The statement reeks of genetic determinism, the idea that our traits arise predominantly if not entirely from our genes. The 90% suggests a reference to heritability, which for intelligence ranges from 50% to 80%, depending upon the study consulted. But heritability isn’t the genetic contribution to a trait. Rather, it’s the genetic contribution to the VARIABILITY of a trait.

Writings from Nazi Germany mention “good blood” and “pure blood,” with a lone drop enough to confer non-purity. I’m reminded of the episode of All in the Family in which bigot Archie Bunker is horrified to learn he’s about to receive a transfusion from a black, female, West Indian physician who shares his rare blood type. “Not to worry,” she cautions him with a grin, “when you come out (of) the anesthetic, you might have a strange craving for watermelon.”

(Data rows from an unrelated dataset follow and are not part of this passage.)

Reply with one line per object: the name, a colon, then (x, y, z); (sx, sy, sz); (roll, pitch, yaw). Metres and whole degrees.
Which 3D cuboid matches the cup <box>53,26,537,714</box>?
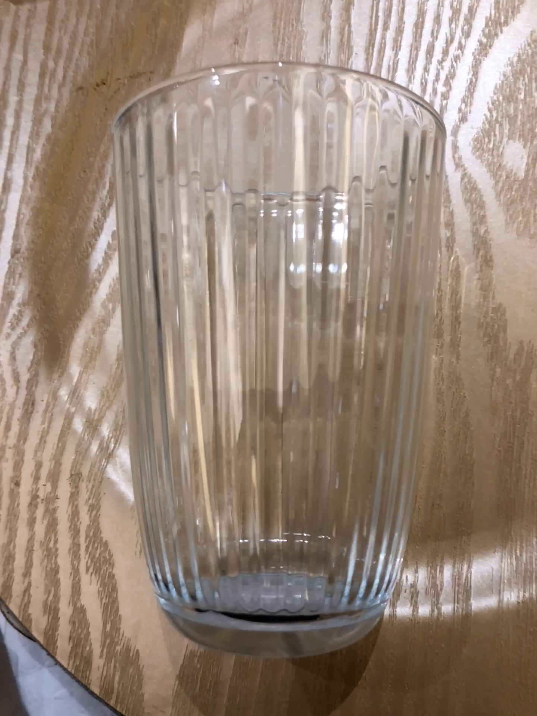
cup: (0.009, 0.003, 0.154); (0.090, 0.070, 0.130); (-1, 80, 9)
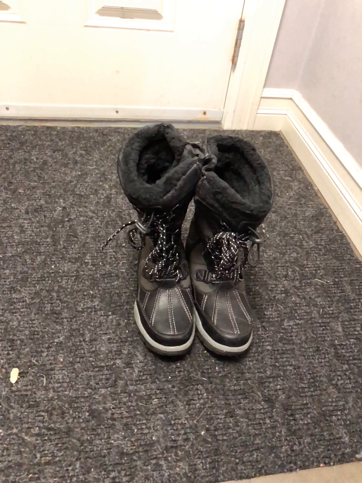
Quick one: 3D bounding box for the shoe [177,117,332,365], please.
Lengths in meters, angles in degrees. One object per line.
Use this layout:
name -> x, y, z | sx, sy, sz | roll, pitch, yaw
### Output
shoe -> 0.080, -0.003, 0.616 | 0.100, 0.269, 0.261 | -4, 45, -12

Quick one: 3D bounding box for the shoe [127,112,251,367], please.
shoe -> -0.015, -0.005, 0.597 | 0.110, 0.269, 0.261 | -3, 44, -11

The Nazis quest for pure Aryan blood entailed both positive and negative eugenics. The Lebensborn program, begun in 1935, took the children from “unwed mothers” knocked up by the SS and placed them in good Aryan homes, and also placed appropriately blue-eyed, blond orphans in homes, while murdering millions who didn’t fit the Aryan definition of Nordic people from England, Germany, Denmark, Sweden, or Norway. Excluded whites were Roma, ethnic Poles, Slavics, and of course Jews, all deemed subhuman by the self-appointed master race.

The Nazi “Law for the Prevention of Hereditarily Diseased Offspring” provided a list. While hereditary blindness and deafness and “Hereditary chorea” are single-gene conditions, “Congenital Mental Deficiency, Schizophrenia, Manic-Depressive Insanity, Hereditary Epilepsy,” and “any severe hereditary deformity” are not. Yet Genetic Health Courts ruled on who should be sterilized to halt transmission of faulty genes.


Some people on Stormfront ask what to do after learning their genetic ancestry is not what they expected. Most answers are polite, but some are variations on “If you do care about the White race, don’t breed with any White women, therefore not polluting our gene pool.”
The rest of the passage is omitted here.